# IRS Form 8965-Health Coverage Exemptions



## xali

Hello,
I have a dilemma with the Health Coverage Exemptions form, IRS Form 8965. I qualify for exemption Code C (Citizens Living Abroad) in PART III but I could also check the 'yes' boxes in PART II item 7a ("Are you claiming an exemption because your household income is below the filing threshold?") and item 7b ("Are you claiming a hardship exemption because your gross income is below the filing threshold?"). Question: Is it appropriate to check all that applies or does the Living Abroad exemption take precedence over the others and therefore I should leave PART II blank and only complete PART III?
Thank you!


----------



## BBCWatcher

Just as a basic question, if you are below the filing threshold, why are you filing a U.S. tax return? To claim one or more refundable tax credits you qualify for, or for some other reason?

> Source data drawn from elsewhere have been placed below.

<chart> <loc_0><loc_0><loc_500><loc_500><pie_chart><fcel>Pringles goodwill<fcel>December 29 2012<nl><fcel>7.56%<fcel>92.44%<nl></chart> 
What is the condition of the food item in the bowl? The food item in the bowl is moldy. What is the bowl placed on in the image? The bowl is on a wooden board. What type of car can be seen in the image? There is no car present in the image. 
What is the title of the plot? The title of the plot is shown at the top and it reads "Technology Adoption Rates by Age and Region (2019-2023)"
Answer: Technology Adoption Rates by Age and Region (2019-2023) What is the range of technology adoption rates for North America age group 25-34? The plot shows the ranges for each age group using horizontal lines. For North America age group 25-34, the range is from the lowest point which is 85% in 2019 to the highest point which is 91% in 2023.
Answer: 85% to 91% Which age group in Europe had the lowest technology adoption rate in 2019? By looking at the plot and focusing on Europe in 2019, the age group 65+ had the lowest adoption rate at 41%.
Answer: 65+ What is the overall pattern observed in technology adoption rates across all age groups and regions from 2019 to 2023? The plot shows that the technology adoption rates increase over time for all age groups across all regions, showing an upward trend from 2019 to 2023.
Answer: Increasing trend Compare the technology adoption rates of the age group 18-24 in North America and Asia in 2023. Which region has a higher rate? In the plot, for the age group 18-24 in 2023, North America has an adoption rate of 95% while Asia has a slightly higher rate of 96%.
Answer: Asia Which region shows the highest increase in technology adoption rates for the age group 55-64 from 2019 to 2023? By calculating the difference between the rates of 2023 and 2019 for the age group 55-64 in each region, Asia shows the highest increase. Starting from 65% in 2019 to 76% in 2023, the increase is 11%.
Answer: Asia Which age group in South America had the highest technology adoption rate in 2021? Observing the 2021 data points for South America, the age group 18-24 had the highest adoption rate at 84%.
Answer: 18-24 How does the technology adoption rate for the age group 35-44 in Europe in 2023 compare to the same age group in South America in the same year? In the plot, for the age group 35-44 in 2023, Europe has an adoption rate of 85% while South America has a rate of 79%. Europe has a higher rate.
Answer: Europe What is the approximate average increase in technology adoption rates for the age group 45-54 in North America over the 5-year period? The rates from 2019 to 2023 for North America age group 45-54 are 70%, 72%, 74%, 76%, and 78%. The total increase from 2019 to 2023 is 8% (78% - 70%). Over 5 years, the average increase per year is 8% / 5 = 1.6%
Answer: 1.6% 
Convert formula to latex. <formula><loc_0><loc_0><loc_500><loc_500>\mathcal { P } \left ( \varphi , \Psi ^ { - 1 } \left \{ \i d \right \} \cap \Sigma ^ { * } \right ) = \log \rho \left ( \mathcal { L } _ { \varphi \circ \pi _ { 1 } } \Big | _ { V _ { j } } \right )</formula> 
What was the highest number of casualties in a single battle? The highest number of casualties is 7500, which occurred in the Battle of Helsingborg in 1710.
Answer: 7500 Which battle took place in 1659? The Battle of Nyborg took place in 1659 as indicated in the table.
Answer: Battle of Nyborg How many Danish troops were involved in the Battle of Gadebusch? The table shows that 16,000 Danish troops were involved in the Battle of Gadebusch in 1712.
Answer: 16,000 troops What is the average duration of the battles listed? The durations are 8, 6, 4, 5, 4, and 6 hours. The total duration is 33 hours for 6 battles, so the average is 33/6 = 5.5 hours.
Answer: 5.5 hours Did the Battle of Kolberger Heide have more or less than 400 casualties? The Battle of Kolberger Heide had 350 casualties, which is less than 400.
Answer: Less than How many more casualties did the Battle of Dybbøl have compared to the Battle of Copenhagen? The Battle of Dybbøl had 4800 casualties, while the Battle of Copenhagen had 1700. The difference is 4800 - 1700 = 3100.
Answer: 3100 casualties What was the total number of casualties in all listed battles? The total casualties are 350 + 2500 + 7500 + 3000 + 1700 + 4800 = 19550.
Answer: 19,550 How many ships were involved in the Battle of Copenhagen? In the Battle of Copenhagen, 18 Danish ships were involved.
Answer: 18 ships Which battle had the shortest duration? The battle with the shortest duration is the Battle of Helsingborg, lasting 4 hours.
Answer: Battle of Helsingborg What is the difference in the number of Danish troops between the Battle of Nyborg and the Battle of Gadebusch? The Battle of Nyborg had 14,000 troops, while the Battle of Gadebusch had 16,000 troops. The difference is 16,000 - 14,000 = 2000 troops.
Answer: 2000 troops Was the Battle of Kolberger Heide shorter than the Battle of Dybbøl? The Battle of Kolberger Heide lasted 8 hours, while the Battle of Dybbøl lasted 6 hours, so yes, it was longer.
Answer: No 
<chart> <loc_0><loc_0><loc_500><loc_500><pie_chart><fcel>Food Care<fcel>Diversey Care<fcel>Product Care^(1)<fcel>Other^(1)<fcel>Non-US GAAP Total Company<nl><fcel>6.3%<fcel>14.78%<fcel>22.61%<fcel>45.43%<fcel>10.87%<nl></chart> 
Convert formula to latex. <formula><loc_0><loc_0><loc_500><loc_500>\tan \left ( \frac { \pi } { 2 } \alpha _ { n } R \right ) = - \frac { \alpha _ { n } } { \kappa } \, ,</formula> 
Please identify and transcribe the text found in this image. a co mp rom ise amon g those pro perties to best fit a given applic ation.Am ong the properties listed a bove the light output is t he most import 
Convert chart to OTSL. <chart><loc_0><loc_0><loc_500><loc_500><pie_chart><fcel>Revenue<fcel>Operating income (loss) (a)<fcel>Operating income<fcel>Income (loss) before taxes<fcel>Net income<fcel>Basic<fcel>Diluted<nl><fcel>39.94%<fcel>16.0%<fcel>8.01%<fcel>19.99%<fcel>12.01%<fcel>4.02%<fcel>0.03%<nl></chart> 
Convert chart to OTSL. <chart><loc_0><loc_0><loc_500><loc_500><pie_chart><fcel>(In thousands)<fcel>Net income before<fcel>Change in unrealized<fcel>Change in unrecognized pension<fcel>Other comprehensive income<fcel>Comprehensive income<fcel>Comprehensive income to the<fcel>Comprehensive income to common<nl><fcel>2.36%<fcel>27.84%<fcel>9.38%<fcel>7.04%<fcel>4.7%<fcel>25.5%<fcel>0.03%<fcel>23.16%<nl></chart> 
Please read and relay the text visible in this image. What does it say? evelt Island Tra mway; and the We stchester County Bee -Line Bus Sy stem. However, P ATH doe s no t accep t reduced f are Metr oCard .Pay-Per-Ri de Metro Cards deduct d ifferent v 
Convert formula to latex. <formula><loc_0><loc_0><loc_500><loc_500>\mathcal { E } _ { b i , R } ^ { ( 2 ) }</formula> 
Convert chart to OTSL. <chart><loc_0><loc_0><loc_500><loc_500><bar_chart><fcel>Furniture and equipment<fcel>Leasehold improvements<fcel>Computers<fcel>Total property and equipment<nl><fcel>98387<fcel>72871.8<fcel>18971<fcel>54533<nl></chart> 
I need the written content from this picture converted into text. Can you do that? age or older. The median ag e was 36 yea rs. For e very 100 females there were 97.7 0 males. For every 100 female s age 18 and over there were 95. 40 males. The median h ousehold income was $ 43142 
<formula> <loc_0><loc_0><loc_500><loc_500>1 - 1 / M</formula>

To answer your question directly, the instructions for Form 8965 indicate that you should complete Part II if Part II applies to you. (See page 1 of the instructions, upper right column.) I don't see anything in the instructions that indicates you then cannot complete Part III if you wish (and if you qualify), so I would go ahead and also claim reason C in Part III.


----------



## xali

Thank you. Yes, I'm claiming the Additional Child Tax Credit. I thought the same when I read the instructions but then it seemed counterintuitive that the IRS would be interested in filers claiming more than one exemption when one is all that's needed.


----------



## BBCWatcher

No, I think it makes perfect sense to all sides if you want to file that way. If the IRS disagrees with one of your claimed coverage exemptions or at least doubts it, they wouldn't have to contact you for clarification if they agree with your other claimed exemption. So you might as well report both/all exemptions as long as the instructions don't object, and as I read the instructions they don't object. As I read the instructions you have to complete Part II in your situation, but Part III then becomes optional if you wish -- but, as I said, I'd go ahead and fill in Part III as well.


----------